* **WHAT TO DO**
Where an image appears in the data, omit it and reproduce the rest exactly.

(Stored entries)
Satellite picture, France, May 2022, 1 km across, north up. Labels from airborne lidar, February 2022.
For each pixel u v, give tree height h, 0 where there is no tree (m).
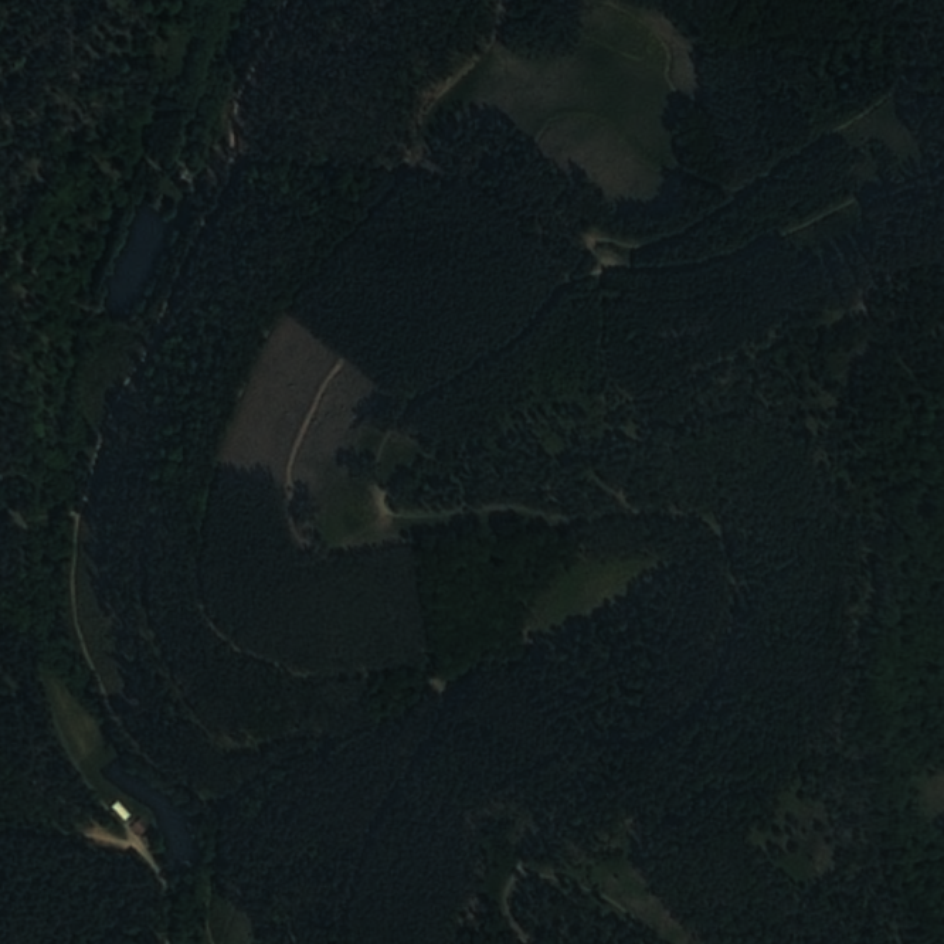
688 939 0
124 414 30
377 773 22
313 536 17
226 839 26
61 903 32
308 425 0
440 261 25
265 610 28
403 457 0
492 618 32
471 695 26
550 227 23
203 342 30
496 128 27
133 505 28
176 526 25
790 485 23
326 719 25
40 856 34
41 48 26
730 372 6
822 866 0
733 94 22
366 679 29
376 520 0
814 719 24
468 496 25
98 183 30
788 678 25
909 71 31
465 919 23
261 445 0
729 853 22
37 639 25
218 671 23
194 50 22
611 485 26
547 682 29
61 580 16
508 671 29
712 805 28
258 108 33
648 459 27
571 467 26
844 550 15
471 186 21
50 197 27
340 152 29
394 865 26
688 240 13
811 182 13
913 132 24
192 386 29
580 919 30
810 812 0
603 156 0
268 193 29
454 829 28
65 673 23
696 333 9
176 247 21
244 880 24
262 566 23
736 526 25
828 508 24
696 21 24
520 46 19
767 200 14
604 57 0
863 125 0
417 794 25
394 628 24
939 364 25
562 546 27
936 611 24
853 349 8
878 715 25
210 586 25
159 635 25
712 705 22
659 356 19
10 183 33
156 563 25
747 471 25
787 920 26
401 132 28
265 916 16
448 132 28
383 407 21
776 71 19
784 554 26
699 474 26
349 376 0
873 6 22
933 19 27
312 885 27
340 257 21
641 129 0
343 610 25
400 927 20
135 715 30
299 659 24
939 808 0
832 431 8
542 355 13
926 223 27
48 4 27
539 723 26
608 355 10
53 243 30
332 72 30
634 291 12
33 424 32
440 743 27
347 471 27
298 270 25
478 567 28
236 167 37
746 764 32
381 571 19
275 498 23
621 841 0
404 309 23
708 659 25
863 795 10
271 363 0
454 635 27
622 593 0
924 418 16
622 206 0
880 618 20
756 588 25
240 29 17
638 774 28
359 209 21
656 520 26
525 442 25
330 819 23
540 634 0
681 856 27
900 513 24
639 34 0
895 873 21
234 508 21
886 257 25
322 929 24
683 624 28
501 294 25
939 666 29
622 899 0
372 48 25
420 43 29
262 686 28
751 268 15
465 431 14
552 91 0

* **THE ANSWER**
Satellite picture, France, May 2022, 1 km across, north up. Labels from airborne lidar, February 2022.
For each pixel u v, give tree height h, 0 where there is no tree (m).
688 939 0
124 414 30
377 773 22
313 536 17
226 839 26
61 903 32
308 425 0
440 261 25
265 610 28
403 457 0
492 618 32
471 695 26
550 227 23
203 342 30
496 128 27
133 505 28
176 526 25
790 485 23
326 719 25
40 856 34
41 48 26
730 372 6
822 866 0
733 94 22
366 679 29
376 520 0
814 719 24
468 496 25
98 183 30
788 678 25
909 71 31
465 919 23
261 445 0
729 853 22
37 639 25
218 671 23
194 50 22
611 485 26
547 682 29
61 580 16
508 671 29
712 805 28
258 108 33
648 459 27
571 467 26
844 550 15
471 186 21
50 197 27
340 152 29
394 865 26
688 240 13
811 182 13
913 132 24
192 386 29
580 919 30
810 812 0
603 156 0
268 193 29
454 829 28
65 673 23
696 333 9
176 247 21
244 880 24
262 566 23
736 526 25
828 508 24
696 21 24
520 46 19
767 200 14
604 57 0
863 125 0
417 794 25
394 628 24
939 364 25
562 546 27
936 611 24
853 349 8
878 715 25
210 586 25
159 635 25
712 705 22
659 356 19
10 183 33
156 563 25
747 471 25
787 920 26
401 132 28
265 916 16
448 132 28
383 407 21
776 71 19
784 554 26
699 474 26
349 376 0
873 6 22
933 19 27
312 885 27
340 257 21
641 129 0
343 610 25
400 927 20
135 715 30
299 659 24
939 808 0
832 431 8
542 355 13
926 223 27
48 4 27
539 723 26
608 355 10
53 243 30
332 72 30
634 291 12
33 424 32
440 743 27
347 471 27
298 270 25
478 567 28
236 167 37
746 764 32
381 571 19
275 498 23
621 841 0
404 309 23
708 659 25
863 795 10
271 363 0
454 635 27
622 593 0
924 418 16
622 206 0
880 618 20
756 588 25
240 29 17
638 774 28
359 209 21
656 520 26
525 442 25
330 819 23
540 634 0
681 856 27
900 513 24
639 34 0
895 873 21
234 508 21
886 257 25
322 929 24
683 624 28
501 294 25
939 666 29
622 899 0
372 48 25
420 43 29
262 686 28
751 268 15
465 431 14
552 91 0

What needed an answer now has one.